──────── Records for the exercise ────────
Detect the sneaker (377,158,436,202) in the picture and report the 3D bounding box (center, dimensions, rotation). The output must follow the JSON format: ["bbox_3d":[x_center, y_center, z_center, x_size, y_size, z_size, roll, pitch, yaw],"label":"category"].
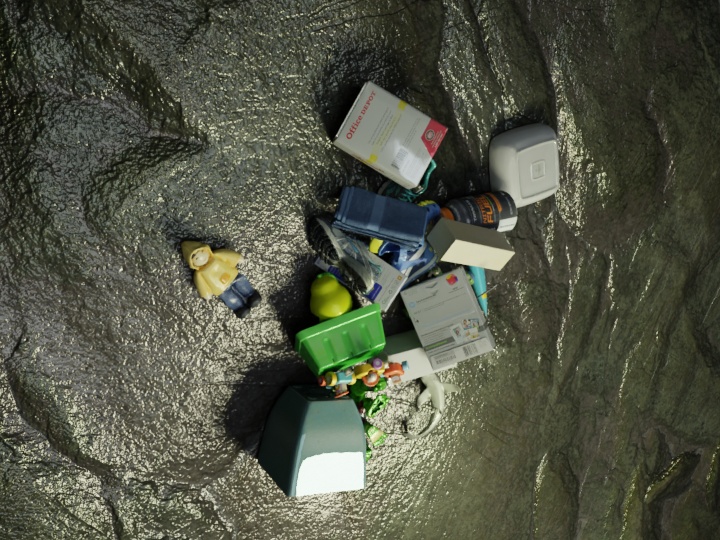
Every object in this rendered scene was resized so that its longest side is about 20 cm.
[{"bbox_3d":[0.103,-0.186,1.526,0.077,0.091,0.201,25,93,-34],"label":"sneaker"}]

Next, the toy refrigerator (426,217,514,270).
[{"bbox_3d":[0.253,-0.056,1.550,0.199,0.076,0.070,8,130,-38],"label":"toy refrigerator"}]

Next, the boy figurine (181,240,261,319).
[{"bbox_3d":[-0.286,0.006,1.384,0.124,0.064,0.200,-42,124,-9],"label":"boy figurine"}]

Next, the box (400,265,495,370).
[{"bbox_3d":[0.201,0.111,1.556,0.155,0.041,0.201,-23,92,21],"label":"box"}]

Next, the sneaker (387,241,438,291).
[{"bbox_3d":[0.087,-0.003,1.589,0.200,0.074,0.082,-37,106,-10],"label":"sneaker"}]

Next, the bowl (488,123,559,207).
[{"bbox_3d":[0.424,-0.257,1.697,0.199,0.075,0.201,-19,115,-23],"label":"bowl"}]

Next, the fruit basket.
[{"bbox_3d":[-0.058,0.112,1.512,0.215,0.156,0.217,3,67,-6],"label":"fruit basket"}]

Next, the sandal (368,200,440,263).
[{"bbox_3d":[0.114,-0.083,1.538,0.200,0.087,0.080,-40,164,-20],"label":"sandal"}]

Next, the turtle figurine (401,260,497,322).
[{"bbox_3d":[0.195,0.054,1.625,0.144,0.200,0.194,45,86,0],"label":"turtle figurine"}]

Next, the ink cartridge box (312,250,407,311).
[{"bbox_3d":[0.000,0.000,1.531,0.200,0.037,0.095,34,87,-4],"label":"ink cartridge box"}]

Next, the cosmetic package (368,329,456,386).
[{"bbox_3d":[0.127,0.206,1.654,0.199,0.108,0.085,-11,110,-28],"label":"cosmetic package"}]

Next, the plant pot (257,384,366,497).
[{"bbox_3d":[-0.104,0.368,1.532,0.195,0.196,0.201,3,98,-30],"label":"plant pot"}]

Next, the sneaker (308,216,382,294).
[{"bbox_3d":[-0.033,-0.043,1.484,0.200,0.078,0.086,50,52,2],"label":"sneaker"}]

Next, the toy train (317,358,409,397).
[{"bbox_3d":[0.009,0.244,1.497,0.199,0.056,0.150,-16,160,8],"label":"toy train"}]

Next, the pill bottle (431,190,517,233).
[{"bbox_3d":[0.271,-0.128,1.631,0.199,0.106,0.107,-13,111,-26],"label":"pill bottle"}]

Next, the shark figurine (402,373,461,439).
[{"bbox_3d":[0.185,0.348,1.753,0.128,0.090,0.216,9,93,3],"label":"shark figurine"}]

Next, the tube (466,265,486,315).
[{"bbox_3d":[0.296,0.014,1.715,0.050,0.078,0.201,-11,112,10],"label":"tube"}]

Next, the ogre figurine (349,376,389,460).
[{"bbox_3d":[0.007,0.336,1.618,0.098,0.120,0.201,-18,115,-27],"label":"ogre figurine"}]

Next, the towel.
[{"bbox_3d":[0.044,-0.117,1.474,0.199,0.049,0.112,15,55,1],"label":"towel"}]

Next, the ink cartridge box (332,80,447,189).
[{"bbox_3d":[0.060,-0.286,1.436,0.199,0.083,0.146,30,89,-9],"label":"ink cartridge box"}]
────────
What the exercise asks
This task calls for an exact reproduction of the lines that start at the one containing "Next, the shark figurine (402,373,461,439)." and continue to the end of the entries above.

Response to this task
Next, the shark figurine (402,373,461,439).
[{"bbox_3d":[0.185,0.348,1.753,0.128,0.090,0.216,9,93,3],"label":"shark figurine"}]

Next, the tube (466,265,486,315).
[{"bbox_3d":[0.296,0.014,1.715,0.050,0.078,0.201,-11,112,10],"label":"tube"}]

Next, the ogre figurine (349,376,389,460).
[{"bbox_3d":[0.007,0.336,1.618,0.098,0.120,0.201,-18,115,-27],"label":"ogre figurine"}]

Next, the towel.
[{"bbox_3d":[0.044,-0.117,1.474,0.199,0.049,0.112,15,55,1],"label":"towel"}]

Next, the ink cartridge box (332,80,447,189).
[{"bbox_3d":[0.060,-0.286,1.436,0.199,0.083,0.146,30,89,-9],"label":"ink cartridge box"}]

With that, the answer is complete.